Greer spoke with the Weekly by phone.
L.A. WEEKLY: I have a sort of gossipy question about why you wrote The Whole Woman. You say in the foreword there were women of your own generation who started saying feminism had gone too far. Were you thinking of Betty Friedan with her book The Second Stage?
GERMAINE GREER: No, I didn't mean Betty. I always thought she had a very conservative idea of what liberation would be like and always thought of it as getting power within the existing system . . . No, the person I was referring to was someone more important to me, namely Fay Weldon . . . She has a new husband who's somewhat younger than she is, and now we're suddenly hearing [from her] that men are in trouble and that we should stop trying to work out our own liberation and go back to raise the wounded male and rebuild him.
You argue that in some ways women are worse off than they were 30 years ago. I keep wondering if there is anything we -- feminists of our generation, that is -- could have done better.
I don't think so. I think the things working against us were structural in our social system. What actually happened was that capitalism or the bosses or whatever we want to call them just sidestepped organized labor and drew this whole pool of auxiliary labor into the work force, which was women who are working now, in so many cases, under these terrible conditions, without any possibility of amelioration. Most of them would probably rather not be working at all. They're probably trying to take up the slack where the head of the family is unemployed. But now working women get blamed for undermining the working man, trying to bite his balls off.
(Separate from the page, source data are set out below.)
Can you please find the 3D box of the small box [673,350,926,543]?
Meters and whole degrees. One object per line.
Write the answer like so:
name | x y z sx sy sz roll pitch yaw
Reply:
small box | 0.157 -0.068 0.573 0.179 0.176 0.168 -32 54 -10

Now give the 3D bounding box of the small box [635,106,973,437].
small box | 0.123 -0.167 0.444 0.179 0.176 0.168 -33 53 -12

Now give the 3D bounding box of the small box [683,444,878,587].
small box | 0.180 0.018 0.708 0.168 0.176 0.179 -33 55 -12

In the U.S., I think everyone pretty much accepts the idea that women are going to be in the workplace, and we're not so likely to be blamed for men's problems as workers. The problem here is, when you try to talk about structural economic change -- when you even use the word capitalism, for example -- you're likely to be cut off pretty fast . . .
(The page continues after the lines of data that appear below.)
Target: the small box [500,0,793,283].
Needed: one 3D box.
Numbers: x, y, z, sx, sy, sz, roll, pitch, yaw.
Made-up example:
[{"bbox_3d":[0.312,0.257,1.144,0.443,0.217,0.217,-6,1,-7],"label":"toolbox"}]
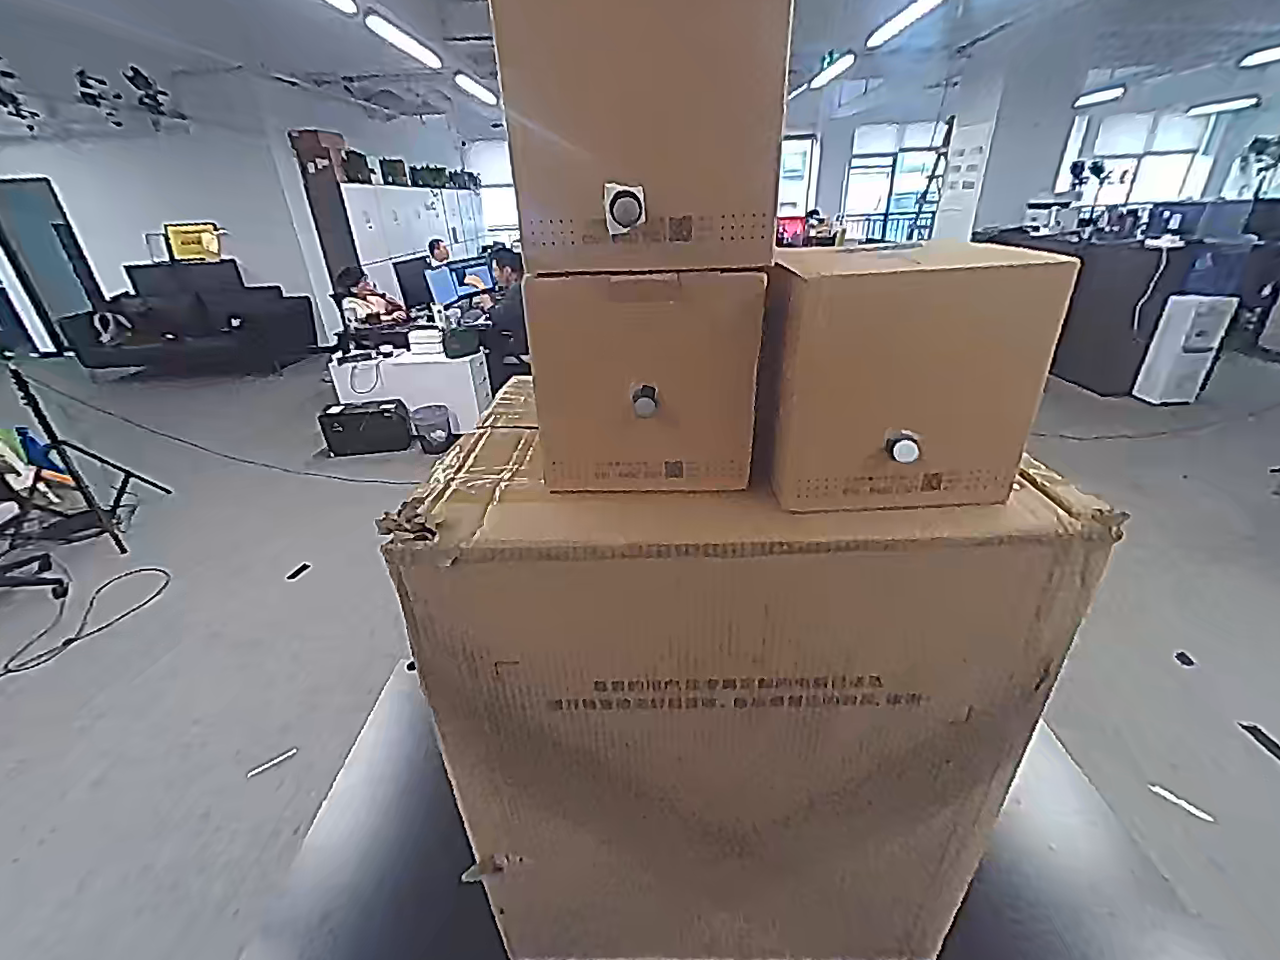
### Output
[{"bbox_3d":[0.005,-0.246,0.399,0.168,0.176,0.179,-2,29,2],"label":"small box"}]

But it's a very middle-class movement here.
And it isn't in England?
I think you'd find in England that feminism is represented much more strongly in academe than it is in the world of work. And then you've got the lifestyle feminists in journalism who, because they have a situation in which every political party plays lip service to feminism and feminist issues, think that that's it, they've done it. They want to turn feminism into a triumphalist discourse that I just can't bear, because we have the attack on the entitlements of single mothers, for example.